The political list is the entire presidential administration, as listed on the Kremlin website, and the Russian Cabinet, while the oligarchs list is a carbon copy of the top of the Forbes magazine’s Russian billionaires’ list. The publication of the so-called “Putin list” angered and dismayed many in Moscow.

Yet the administration paired that move with a surprising announcement that it had decided not to punish anybody — for now — under new sanctions retaliating for the election-meddling. Some U.S. lawmakers accused President Donald Trump of giving Russia a free pass, fueling further questions about whether the president is unwilling to confront Moscow.

The idea of the seven-page unclassified document, as envisioned by Congress, is to name-and-shame those believed to be benefiting from Putin’s tenure, just as the United States works to isolate his government diplomatically and economically.

Being on the list doesn’t trigger any U.S. sanctions on the individuals, although more than a dozen are already targeted under earlier sanctions.

Prime Minister Dmitry Medvedev is among the 114 senior political figures in Russia’s government who made the list, along with 42 of Putin’s aides, Cabinet ministers such as Foreign Minister Sergey Lavrov, and top officials in Russia’s leading spy agencies, the FSB and GRU. The CEOs of major state-owned companies, including energy giant Rosneft and Sberbank, are also on the list.

So are 96 wealthy Russians deemed “oligarchs” by the Treasury Department, which said each is believed to have assets totaling $1 billion or more. Some are the most famous of wealthy Russians, among them tycoons Roman Abramovich and Mikhail Prokhorov, who challenged Putin in the 2012 election. Aluminum magnate Oleg Deripaska, a figure in the Russia investigation over his ties to former Trump campaign chairman Paul Manafort, is included.

There are also odd ones out on the list, however, such as Sergei Galitsky, founder of retail chain Magnit, and Arkady Volozh, founder and CEO of the search engine Yandex. Both have been lauded as self-made men who built their successful businesses without any government support.

Even more names, including those of less-senior politicians or businesspeople worth less than $1 billion, are on a classified version of the list being provided to Congress, officials said.
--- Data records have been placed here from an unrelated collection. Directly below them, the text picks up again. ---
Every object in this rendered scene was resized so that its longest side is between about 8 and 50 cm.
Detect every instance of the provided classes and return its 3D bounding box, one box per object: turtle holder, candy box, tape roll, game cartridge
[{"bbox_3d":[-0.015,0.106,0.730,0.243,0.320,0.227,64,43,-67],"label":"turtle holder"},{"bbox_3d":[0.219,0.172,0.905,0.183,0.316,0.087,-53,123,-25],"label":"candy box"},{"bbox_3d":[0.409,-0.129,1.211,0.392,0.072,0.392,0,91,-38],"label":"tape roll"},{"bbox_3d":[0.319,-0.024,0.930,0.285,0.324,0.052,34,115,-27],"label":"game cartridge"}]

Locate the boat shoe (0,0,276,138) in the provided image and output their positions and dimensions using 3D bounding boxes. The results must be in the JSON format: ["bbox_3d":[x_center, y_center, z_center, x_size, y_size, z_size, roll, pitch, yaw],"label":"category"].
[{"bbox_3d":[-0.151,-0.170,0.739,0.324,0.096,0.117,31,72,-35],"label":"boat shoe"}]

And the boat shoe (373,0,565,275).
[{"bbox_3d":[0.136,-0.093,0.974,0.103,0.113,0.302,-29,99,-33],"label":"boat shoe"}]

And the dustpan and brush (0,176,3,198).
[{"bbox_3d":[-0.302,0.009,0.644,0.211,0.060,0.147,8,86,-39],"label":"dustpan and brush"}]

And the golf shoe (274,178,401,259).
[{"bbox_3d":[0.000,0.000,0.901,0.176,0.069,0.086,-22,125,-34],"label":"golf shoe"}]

Drawing on U.S. intelligence, Treasury also finalized a list of at least partially state-owned companies in Russia, but that list, too, was classified and sent only to Congress.
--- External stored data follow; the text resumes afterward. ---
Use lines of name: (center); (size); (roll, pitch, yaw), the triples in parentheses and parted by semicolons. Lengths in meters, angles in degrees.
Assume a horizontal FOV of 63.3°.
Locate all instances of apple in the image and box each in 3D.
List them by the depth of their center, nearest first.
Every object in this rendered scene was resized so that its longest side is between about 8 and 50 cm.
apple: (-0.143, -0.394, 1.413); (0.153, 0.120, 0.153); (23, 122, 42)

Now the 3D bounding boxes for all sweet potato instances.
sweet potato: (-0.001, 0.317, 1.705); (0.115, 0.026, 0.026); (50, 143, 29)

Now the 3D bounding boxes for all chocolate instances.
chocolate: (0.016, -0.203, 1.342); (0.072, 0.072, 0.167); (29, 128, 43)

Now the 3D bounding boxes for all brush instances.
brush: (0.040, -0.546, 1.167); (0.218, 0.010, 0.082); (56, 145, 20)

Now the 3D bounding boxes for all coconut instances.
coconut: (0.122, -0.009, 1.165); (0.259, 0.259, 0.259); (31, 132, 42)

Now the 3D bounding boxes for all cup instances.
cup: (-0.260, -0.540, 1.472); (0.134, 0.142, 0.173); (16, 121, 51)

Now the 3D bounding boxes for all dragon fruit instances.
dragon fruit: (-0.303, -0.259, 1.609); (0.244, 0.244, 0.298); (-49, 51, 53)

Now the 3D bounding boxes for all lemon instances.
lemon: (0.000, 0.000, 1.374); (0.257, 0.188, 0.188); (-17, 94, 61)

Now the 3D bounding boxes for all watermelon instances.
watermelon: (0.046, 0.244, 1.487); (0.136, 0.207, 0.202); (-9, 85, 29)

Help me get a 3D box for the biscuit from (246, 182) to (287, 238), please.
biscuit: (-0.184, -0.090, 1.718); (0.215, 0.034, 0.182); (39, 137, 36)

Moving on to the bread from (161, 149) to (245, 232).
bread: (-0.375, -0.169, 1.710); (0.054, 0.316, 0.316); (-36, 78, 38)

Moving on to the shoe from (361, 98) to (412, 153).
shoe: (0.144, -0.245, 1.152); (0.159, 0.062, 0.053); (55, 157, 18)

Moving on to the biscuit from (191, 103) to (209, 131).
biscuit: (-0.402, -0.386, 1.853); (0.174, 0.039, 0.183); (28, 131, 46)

Russian politicians have expressed dismay at finding that the list included the entire Russian government.

Deputy Prime Minister Arkady Dvorkovich told Russian news agencies on Tuesday that he was not surprised to find his name on the list, too, saying that it “looks like a ‘who’s who’ book.” Dvorkovich stopped short of saying how Russia would react to it, saying that the government would “monitor the situation.”

In a Facebook post Tuesday, Konstantin Kosachev, chairman of the Federation Council’s foreign affairs committee, said U.S. intelligence failed to find compromising material on Russian politicians and “ended up copying the Kremlin phone book.”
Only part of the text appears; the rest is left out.